Automakers require high volumes of parts and semiconductor fabs have automotive demand “built into their manufacturing schedules,” Pickering said. But when automakers cut forecasts because of declining demand, semiconductor companies will reallocate chip manufacturing capacity to other customers in other industries which is what happened last year. Automakers initially had a sharp decline in vehicle demand that shut down production at many plants. Semiconductor capacity that was targeted for automotive was re-allocated to other industries. However, later in the year vehicle demand increased and there was not enough production for PMICs and other semiconductors needed by automakers and their system suppliers.

Strong demand, limited supply
The bad news for PMIC buyers in the auto industry as well as other industries is PMIC and overall semiconductor supply will likely remain tight through 2021 because capacity will remain mostly limited and demand for PMICs will continue to grow especially from wireless communications, industrial and automotive.

“All together those segments make up about 70 per cent of the power IC market,” said Pickering. He said with each segment there are different demand drivers. In wireless communications “obviously the big story is 5G. We are just starting to see 5G handsets,” said Pickering. Five-G handsets have more power ICs than earlier generations of cell phones.

“The other side of it is the rollout of 5G infrastructure,” which will also need PMICs, said Pickering. Five-G phones operate at higher frequencies than 4G phones. Millimeter wave frequencies used in 5G “don’t go through walls very well,” he said. Cell phone carriers will have to install any micro-base stations for 5G, said Pickering.

“Some people said every street in every city will have multiple cell phone micro towers and they will all need power management ICs. That will be a huge growth,” said Pickering.

EVs will boost PMIC usage
The electric vehicle subsegment also will drive PMIC sales next year and beyond. EVs use 2 to 3 times as many semiconductors as an internal combustion engine car, said Matas.

“Electric vehicles are clearly heavy users of power semiconductor devices,” said Pickering. Lithium electronic vehicle batteries “require careful management of the controller,” he said. “Lithium batteries are very sensitive to slight changes in their operating temperature,” he said. If they are charged too quickly or they are discharged too quickly, operating life declines, said Pickering. If the temperature is outside a certain range, operating life also declines.

“What that means is you have to continuously monitor the battery to make sure you’re always in the sweet spot — the safe operating area of the battery,” he said. Power management ICs are needed for that.

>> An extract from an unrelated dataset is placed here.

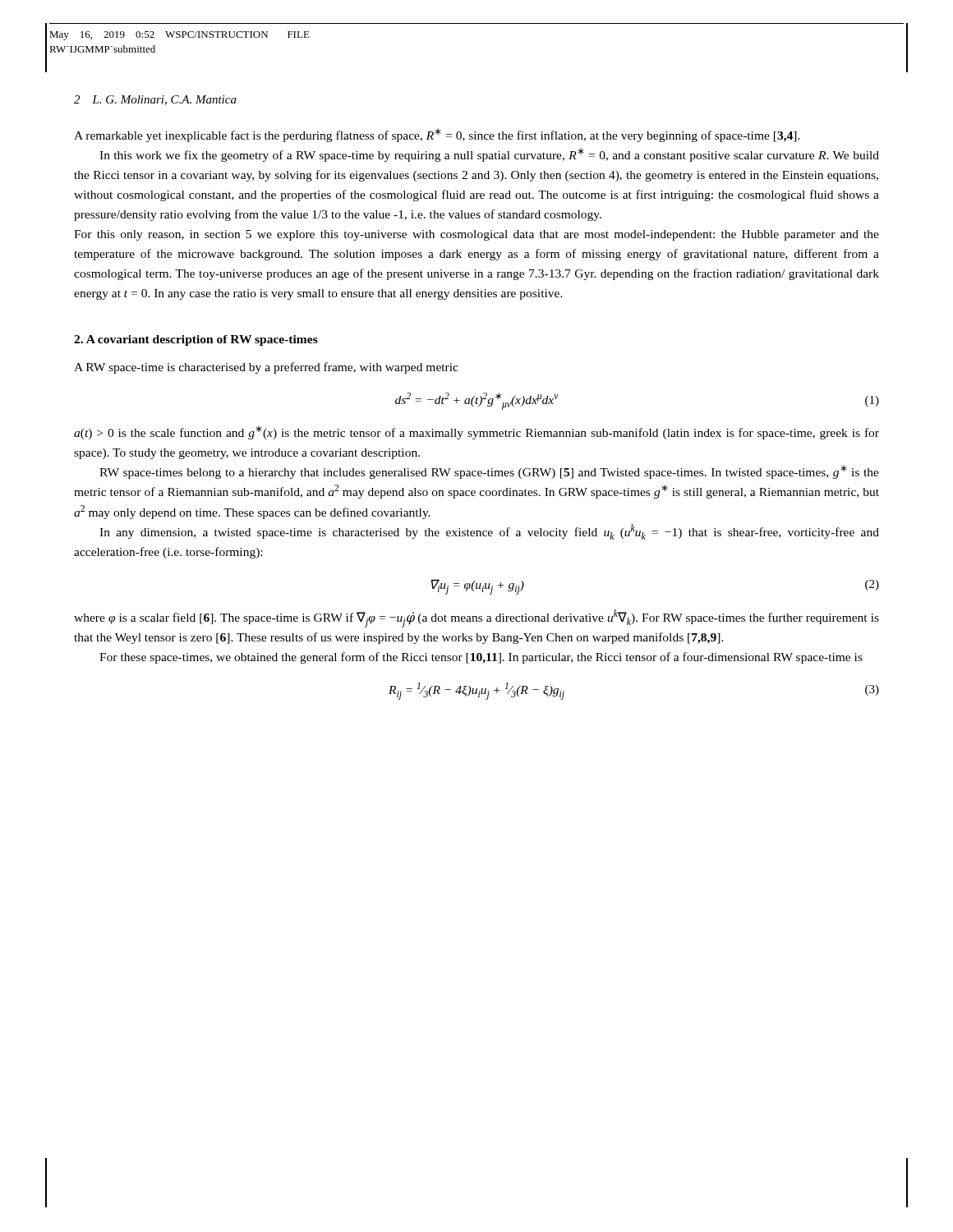Select the element starting "Rij = 1⁄3(R"

click(484, 692)

Power ICs are also needed for the traction motor itself which uses a lot of power, said Pickering. “That has spawned increases in the drive circuitry for the motors and the controllers,” said Pickering.

In addition, electric vehicle charging stations will drive power management IC growth. “It is hand in glove with electric vehicles,” he said. “There needs to be a large number of power stations to charge EVs.”

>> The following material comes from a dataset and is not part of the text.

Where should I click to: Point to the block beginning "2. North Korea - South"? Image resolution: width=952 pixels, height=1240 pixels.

PMICs are seeing growing demand from industrial IoT applications. “In general, factories are getting more and more electronic,” he said. More factory machines and processes are being connected to the Internet as manufacturers move towards Industry 4.0, which “is basically the next wave in manufacturing,” said Pickering.

Industry 4.0 involves monitoring and controlling every industrial process with computers and sending data to the cloud so decisions can be about how manufacturing can be optimized for different operations and when factory automation equipment needs to be serviced or if it is about to fail, according to Pickering.

For instance, a mechanical machine such as a lathe will have the ability to transmit all data of its operation to the cloud. “What that means is you need to have a microcontroller and sensors in a wired or wireless network to send all that information up the chain to the next level,” said Pickering. Power management ICs are needed in such an application. “That’s a big area of growth,” he said.